Dataset excerpts
+ + +
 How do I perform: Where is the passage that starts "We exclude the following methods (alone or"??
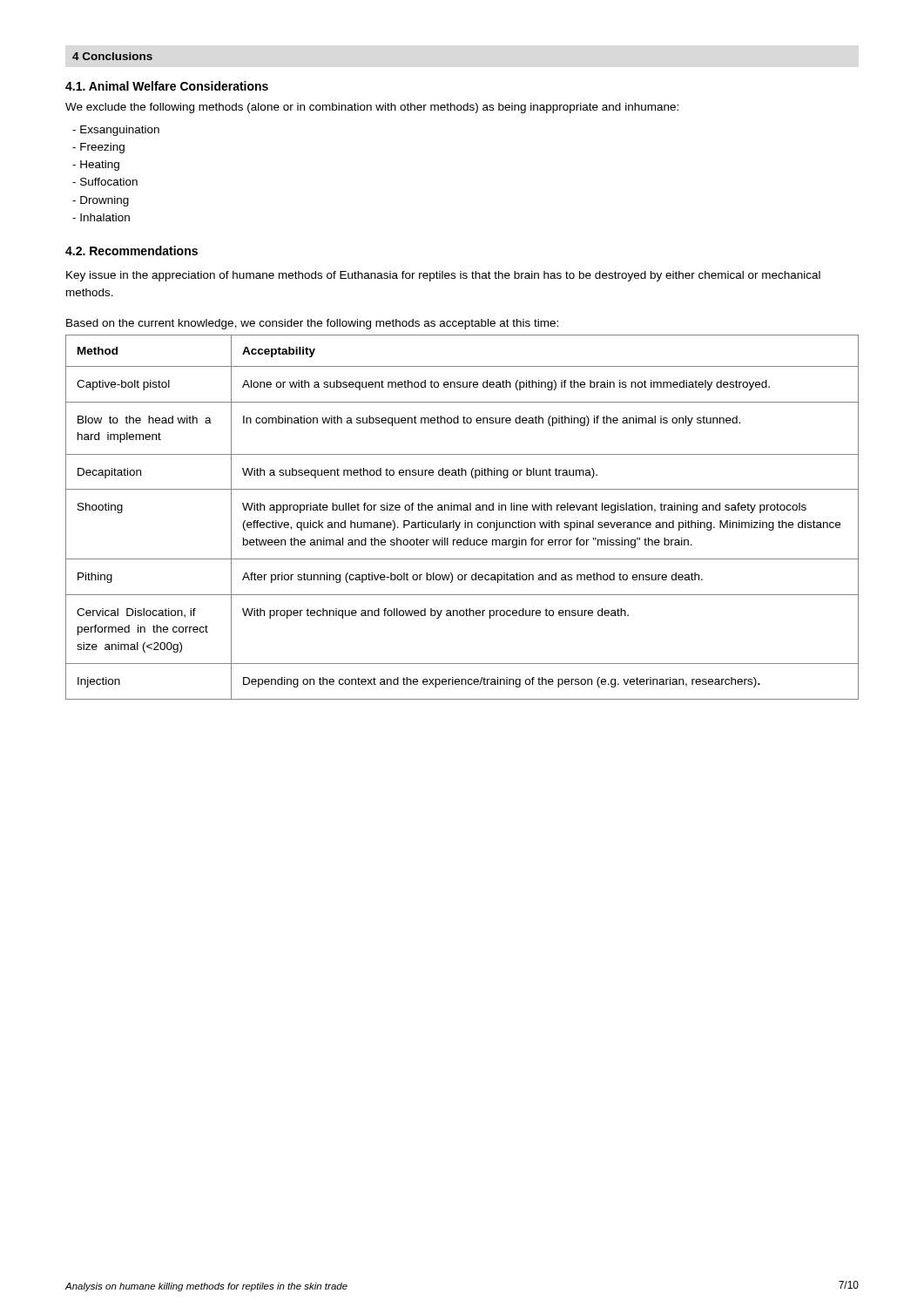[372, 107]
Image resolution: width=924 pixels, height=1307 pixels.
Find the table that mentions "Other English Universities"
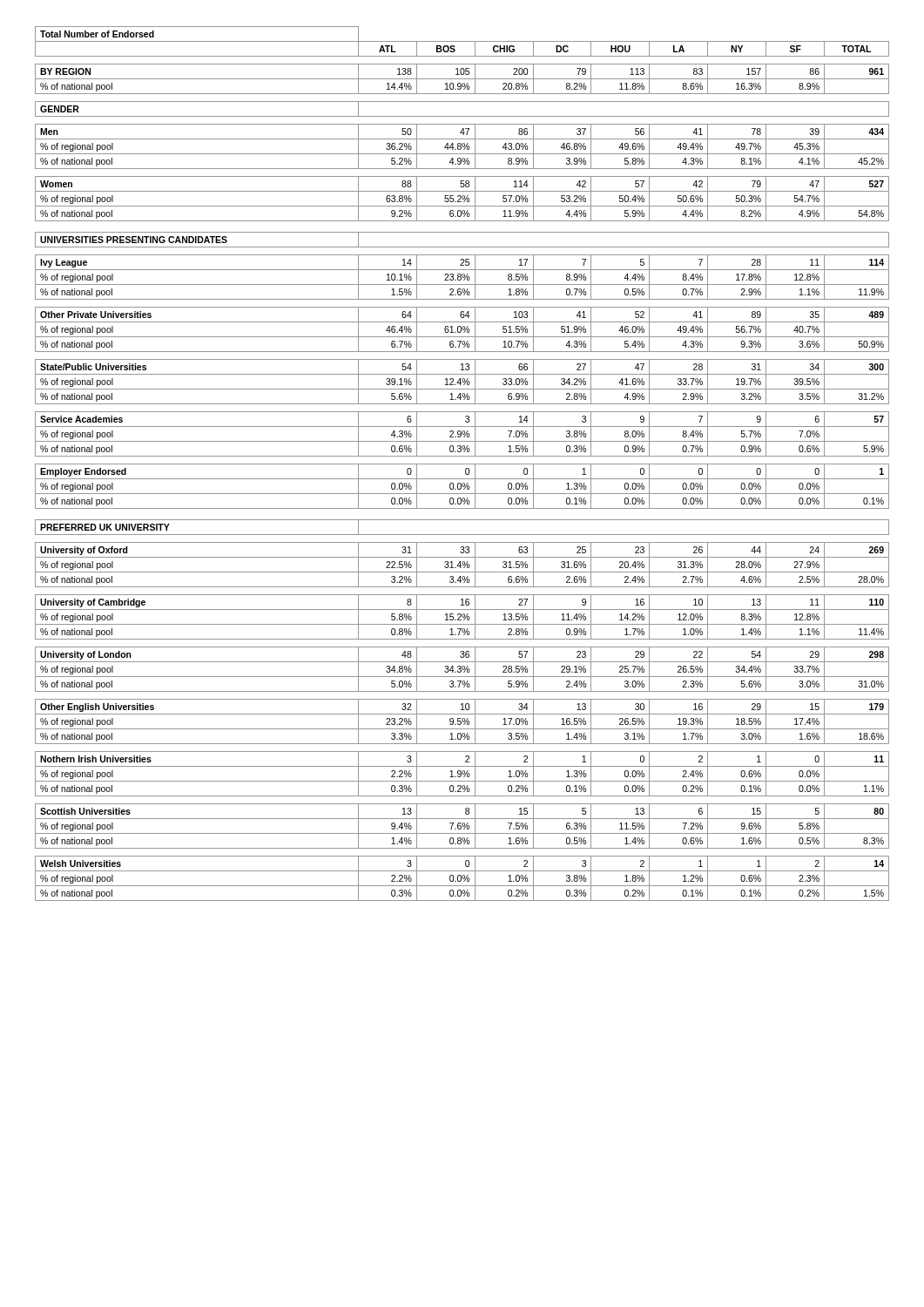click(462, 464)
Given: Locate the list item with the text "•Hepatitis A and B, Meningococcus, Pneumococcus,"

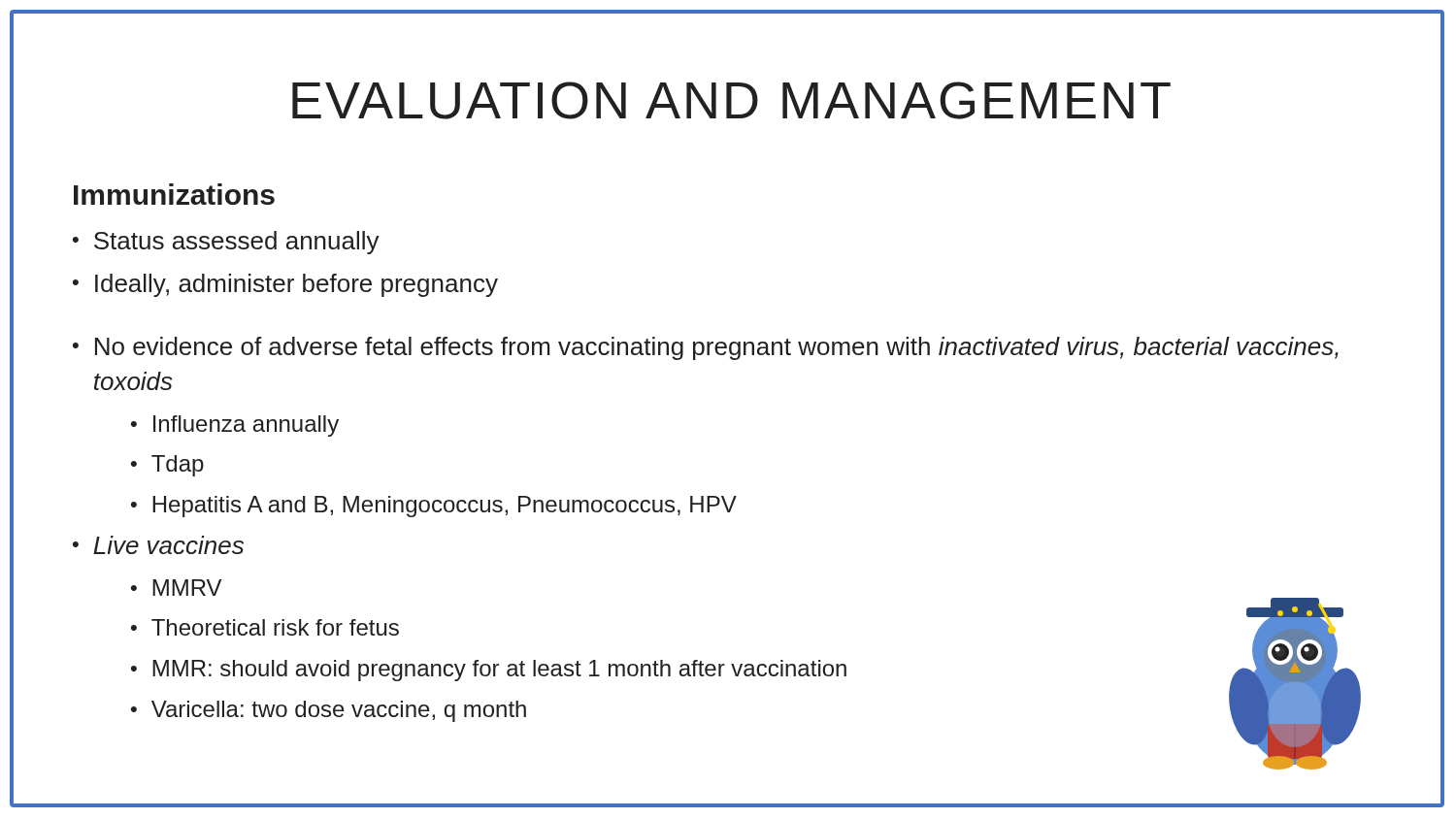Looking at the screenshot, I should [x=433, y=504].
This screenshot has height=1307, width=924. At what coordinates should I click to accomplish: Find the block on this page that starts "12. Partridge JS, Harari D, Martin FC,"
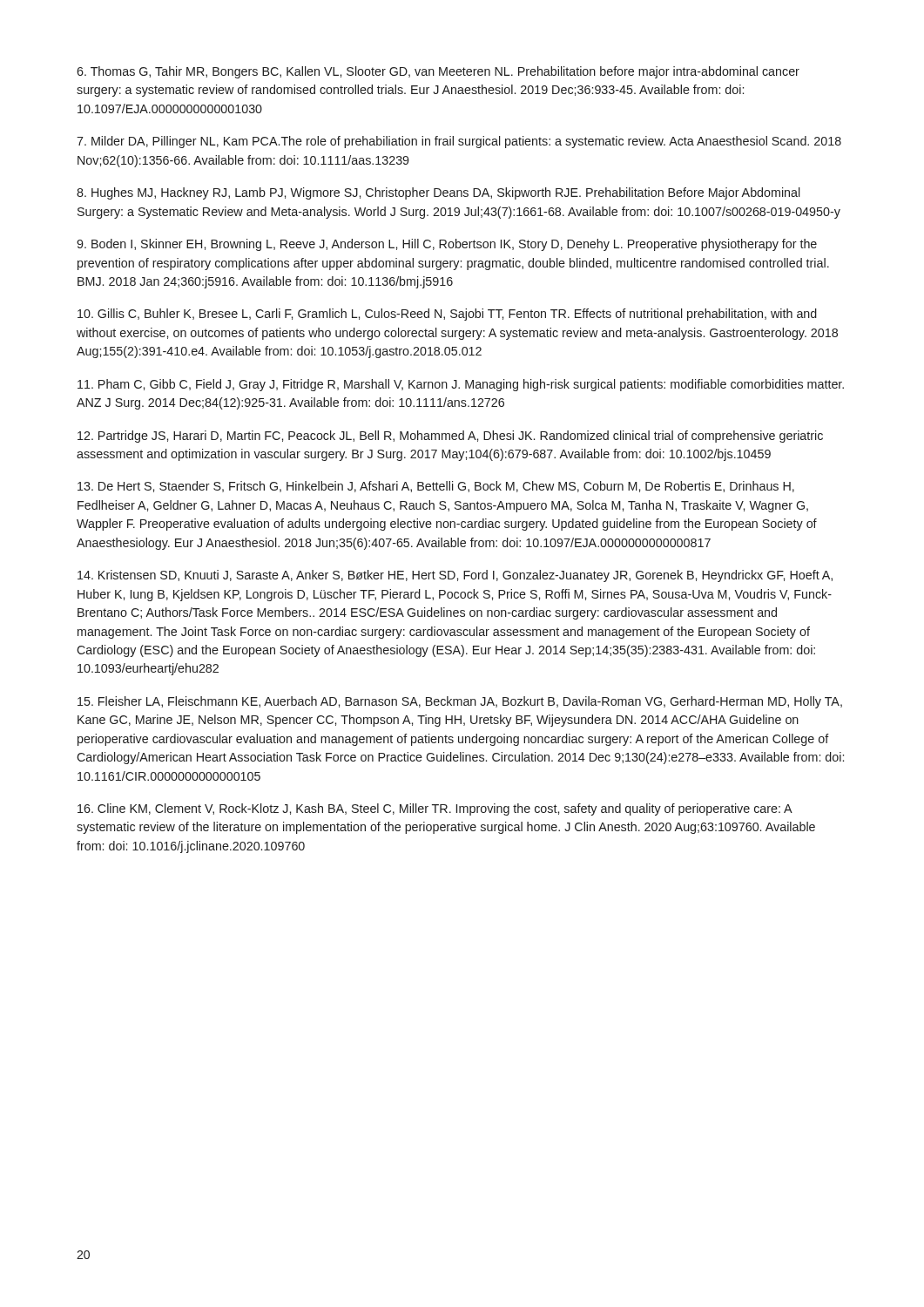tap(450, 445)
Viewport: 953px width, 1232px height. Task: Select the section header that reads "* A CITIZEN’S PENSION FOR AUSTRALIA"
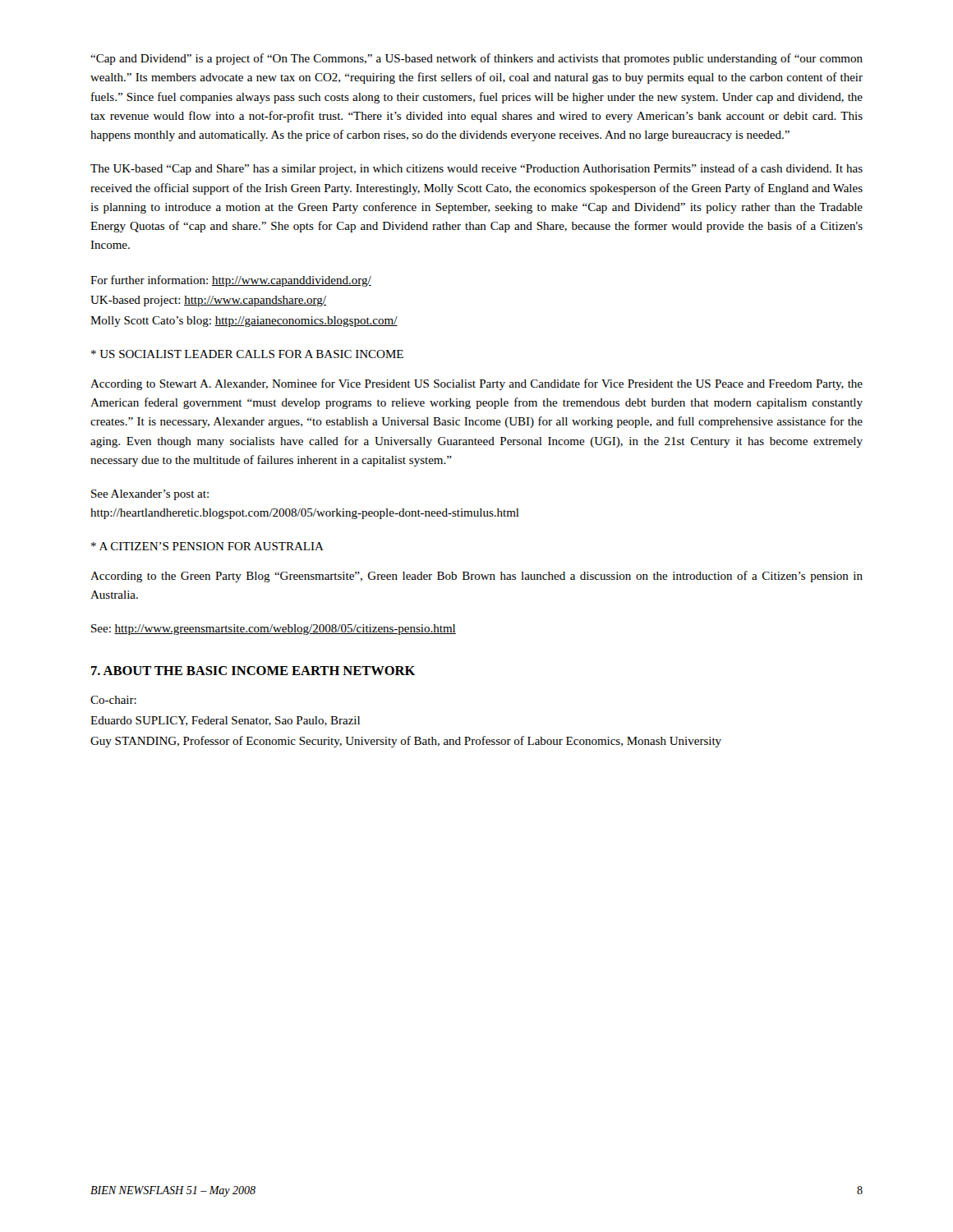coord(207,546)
+ + +
Extract the text of all the records above verbatim, excluding pictures.

 How do I perform: Where is the passage that starts "We exclude the following methods (alone or"??
[372, 107]
Image resolution: width=924 pixels, height=1307 pixels.
Find the table that mentions "Other English Universities"
click(462, 464)
Given: Locate the list item with the text "•Hepatitis A and B, Meningococcus, Pneumococcus,"

Looking at the screenshot, I should [x=433, y=504].
This screenshot has height=1307, width=924. At what coordinates should I click to accomplish: Find the block on this page that starts "12. Partridge JS, Harari D, Martin FC,"
tap(450, 445)
Viewport: 953px width, 1232px height. Task: Select the section header that reads "* A CITIZEN’S PENSION FOR AUSTRALIA"
coord(207,546)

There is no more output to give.